Data to process |
----

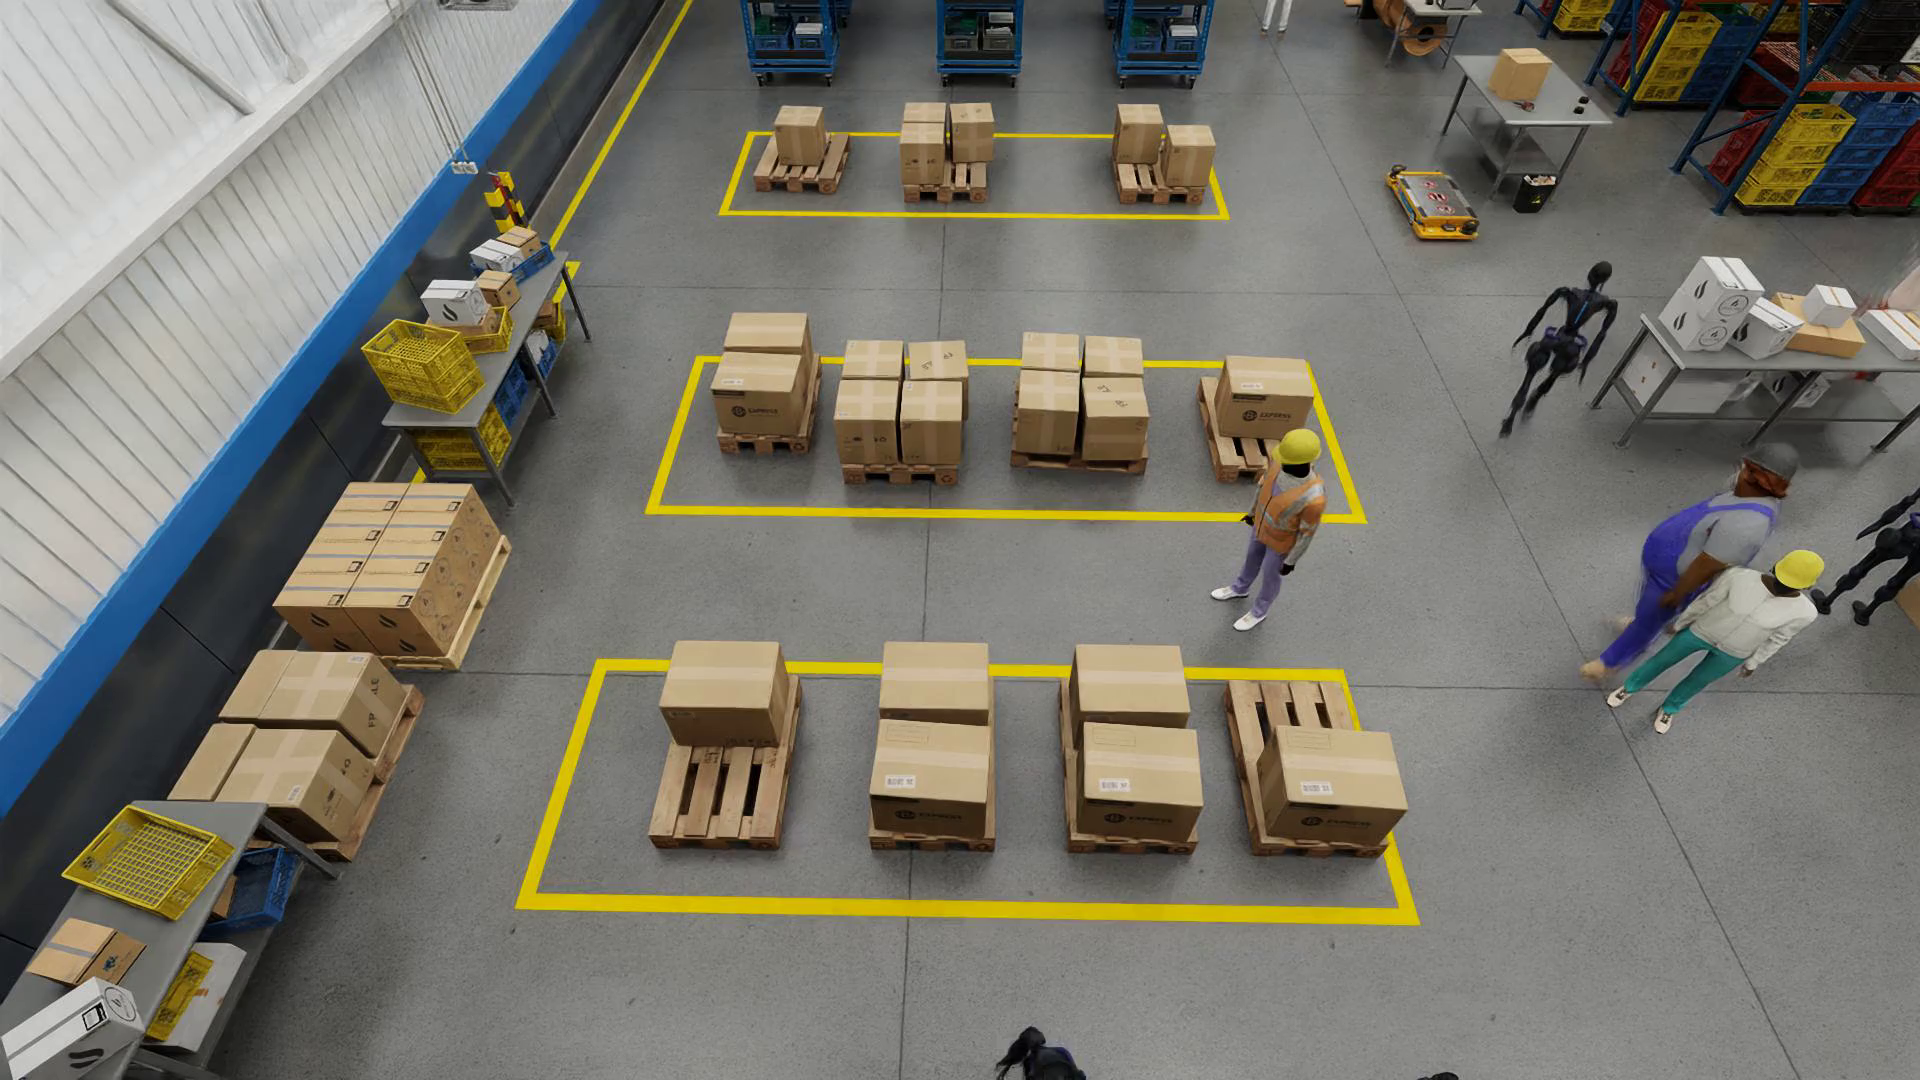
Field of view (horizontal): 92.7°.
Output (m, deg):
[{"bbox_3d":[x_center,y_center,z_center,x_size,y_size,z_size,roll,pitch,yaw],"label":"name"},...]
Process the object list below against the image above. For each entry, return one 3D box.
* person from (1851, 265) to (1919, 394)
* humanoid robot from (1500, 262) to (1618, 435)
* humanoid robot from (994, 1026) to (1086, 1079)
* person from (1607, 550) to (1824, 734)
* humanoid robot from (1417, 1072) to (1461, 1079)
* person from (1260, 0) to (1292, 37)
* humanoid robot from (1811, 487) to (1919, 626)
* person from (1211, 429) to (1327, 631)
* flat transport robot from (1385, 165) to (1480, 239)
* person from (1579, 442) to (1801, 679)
[{"bbox_3d":[8.536,-2.138,8.279,0.866,1.930,0.649,17,51,14],"label":"person"},{"bbox_3d":[5.276,-1.715,8.113,0.608,1.627,0.772,24,53,19],"label":"humanoid robot"},{"bbox_3d":[0.446,2.648,4.310,0.501,1.641,0.713,-14,51,-12],"label":"humanoid robot"},{"bbox_3d":[4.938,0.663,5.967,0.524,1.769,0.313,36,58,27],"label":"person"},{"bbox_3d":[2.132,2.806,4.163,0.327,1.657,0.591,-7,50,-6],"label":"humanoid robot"},{"bbox_3d":[5.020,-8.765,14.052,0.582,1.882,0.348,11,50,9],"label":"person"},{"bbox_3d":[6.944,-0.018,6.614,0.579,1.651,0.308,20,52,16],"label":"humanoid robot"},{"bbox_3d":[2.215,-0.056,6.493,0.388,1.916,0.586,-13,50,-11],"label":"person"},{"bbox_3d":[5.692,-4.094,11.059,0.652,0.197,1.431,1,49,1],"label":"flat transport robot"},{"bbox_3d":[4.898,0.174,6.212,0.534,2.000,0.782,36,58,27],"label":"person"}]
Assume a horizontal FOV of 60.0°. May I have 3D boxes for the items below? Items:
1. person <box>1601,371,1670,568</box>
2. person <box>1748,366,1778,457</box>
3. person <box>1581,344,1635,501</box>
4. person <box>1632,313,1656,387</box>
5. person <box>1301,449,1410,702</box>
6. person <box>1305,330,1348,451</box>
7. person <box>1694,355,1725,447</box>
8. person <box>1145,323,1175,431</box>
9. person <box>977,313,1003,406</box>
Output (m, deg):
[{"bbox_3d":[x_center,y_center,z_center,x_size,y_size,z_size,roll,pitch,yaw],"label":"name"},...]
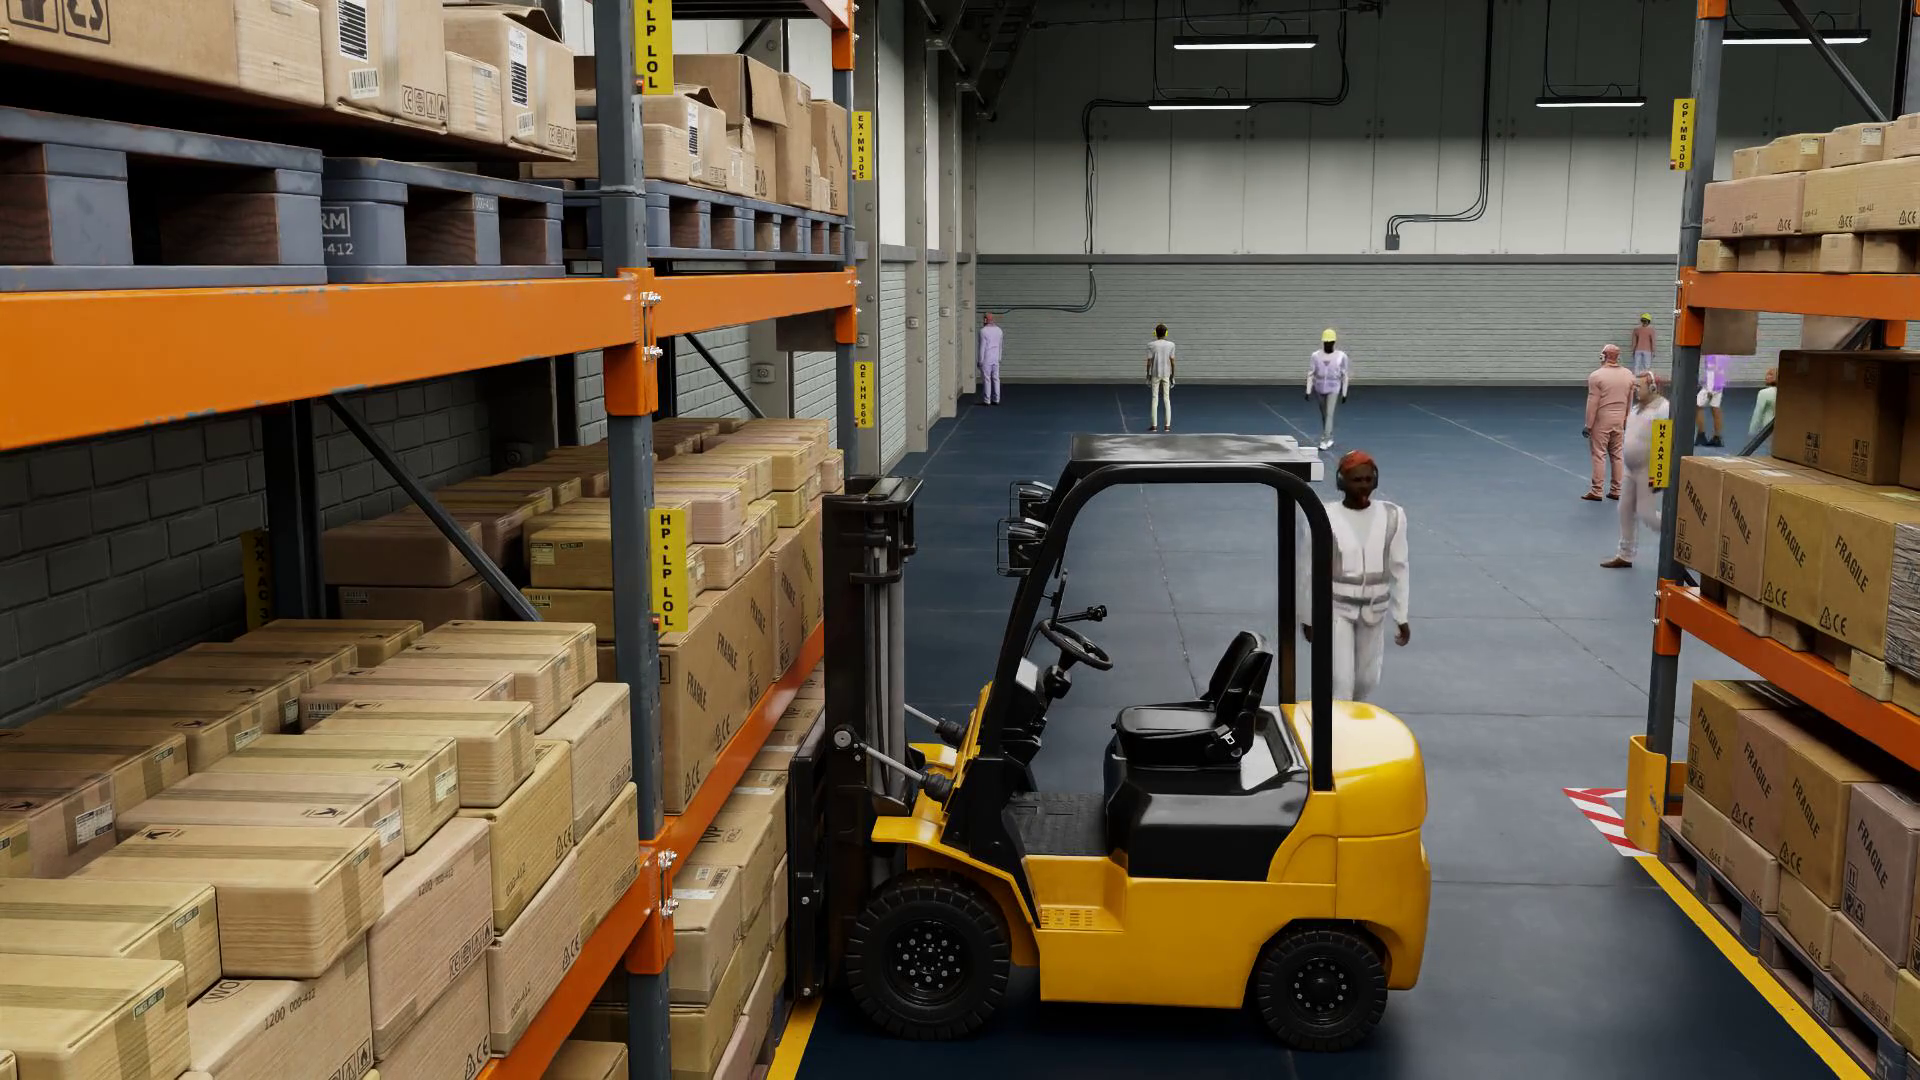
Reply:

----

Activity |
In the listing above, locate the line containing "to (1327, 631)" and the line containing "to (1480, 239)", then transcribe both and every line between them verbatim.

Task response |
* person from (1211, 429) to (1327, 631)
* flat transport robot from (1385, 165) to (1480, 239)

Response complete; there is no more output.